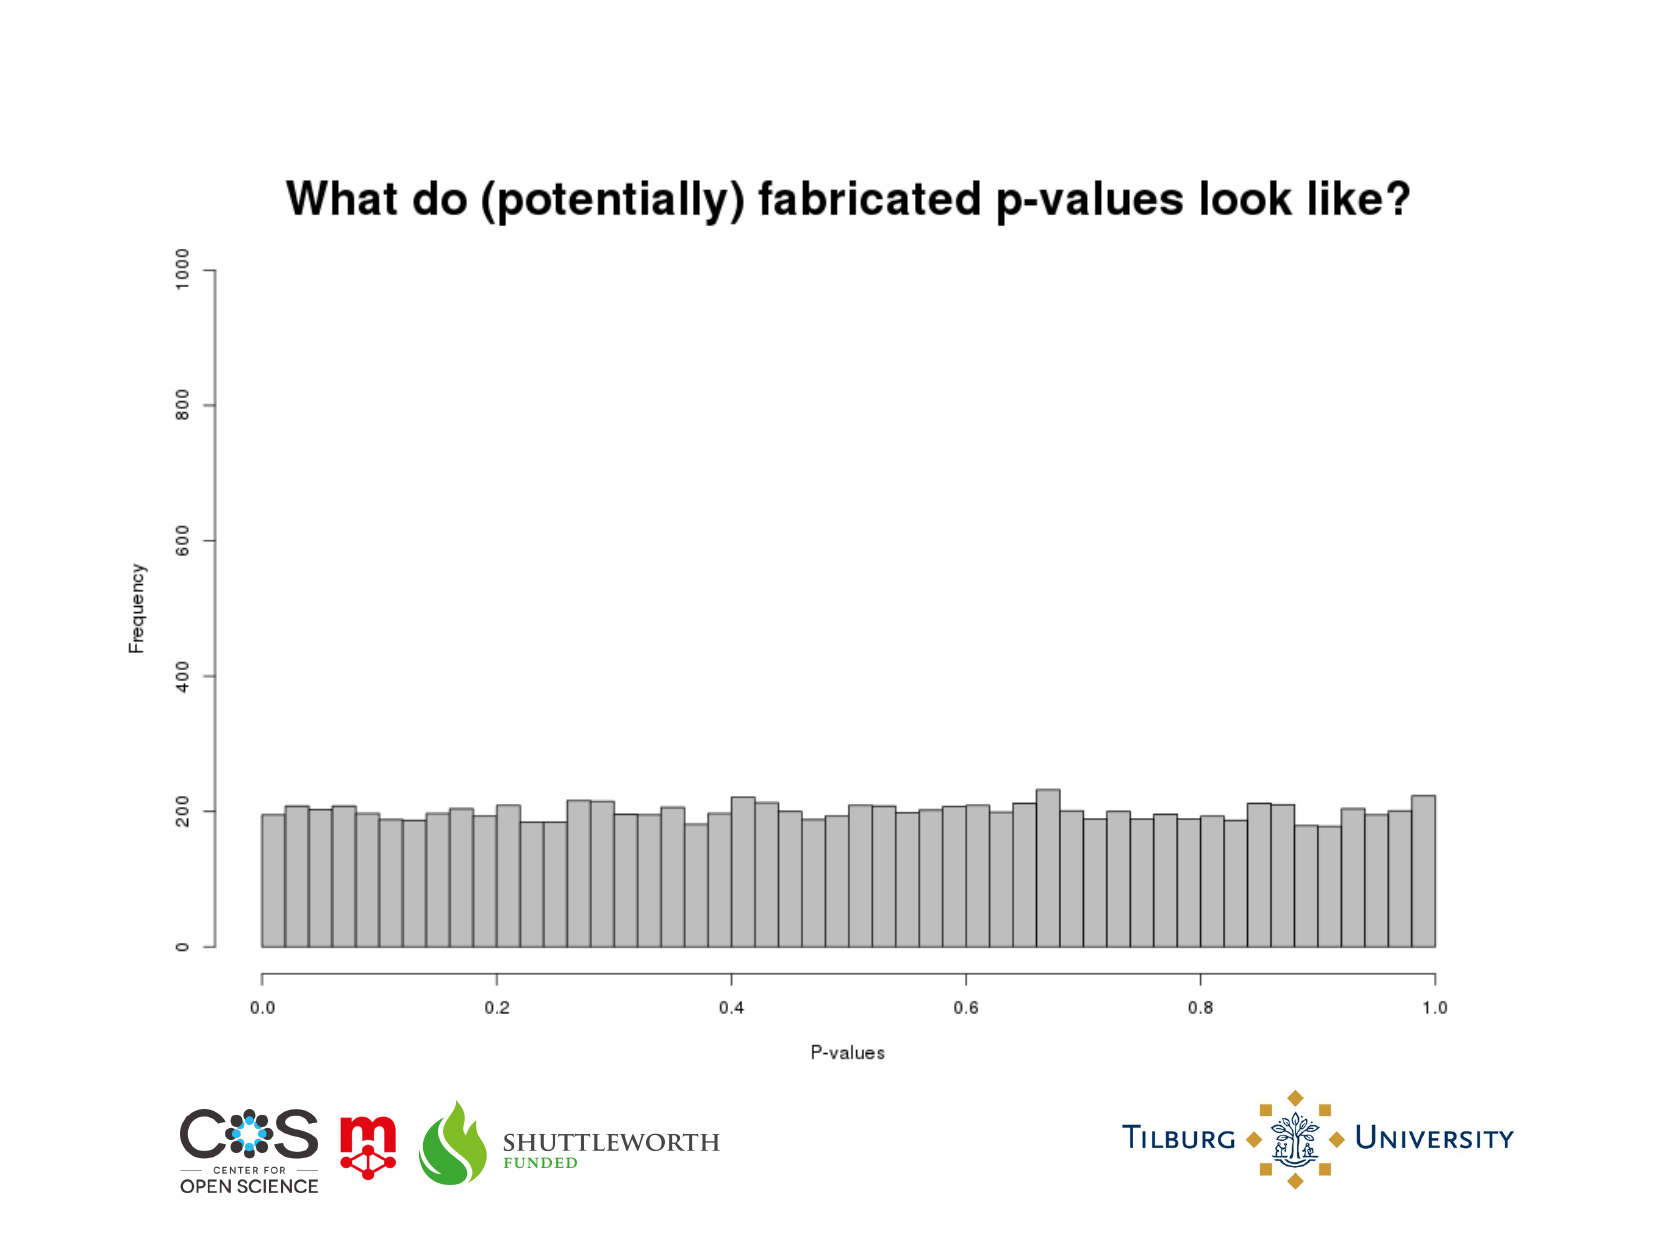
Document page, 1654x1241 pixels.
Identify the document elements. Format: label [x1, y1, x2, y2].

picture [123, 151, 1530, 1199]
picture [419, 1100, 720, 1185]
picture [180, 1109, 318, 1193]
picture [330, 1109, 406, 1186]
...
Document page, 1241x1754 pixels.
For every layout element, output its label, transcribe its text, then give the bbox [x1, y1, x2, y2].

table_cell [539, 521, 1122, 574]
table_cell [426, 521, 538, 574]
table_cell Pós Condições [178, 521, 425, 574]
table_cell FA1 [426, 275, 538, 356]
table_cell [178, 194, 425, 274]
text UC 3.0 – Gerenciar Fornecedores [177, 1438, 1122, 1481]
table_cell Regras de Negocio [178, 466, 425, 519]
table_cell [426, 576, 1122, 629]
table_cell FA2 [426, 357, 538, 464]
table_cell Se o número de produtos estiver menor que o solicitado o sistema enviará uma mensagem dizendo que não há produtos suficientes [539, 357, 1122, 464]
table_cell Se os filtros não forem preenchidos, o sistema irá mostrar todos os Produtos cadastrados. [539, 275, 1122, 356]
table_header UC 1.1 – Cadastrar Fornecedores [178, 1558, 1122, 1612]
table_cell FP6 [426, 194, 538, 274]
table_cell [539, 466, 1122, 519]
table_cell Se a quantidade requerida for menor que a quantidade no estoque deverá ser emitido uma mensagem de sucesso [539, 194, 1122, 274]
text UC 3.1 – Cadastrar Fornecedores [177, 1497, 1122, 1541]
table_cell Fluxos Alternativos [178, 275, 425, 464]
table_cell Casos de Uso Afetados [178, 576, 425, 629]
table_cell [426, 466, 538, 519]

#### EXERCISE REQUIREMENTS
Tally the lines of the material that hold the word "pixels", and state only that tally.

#### TASK ANSWER
2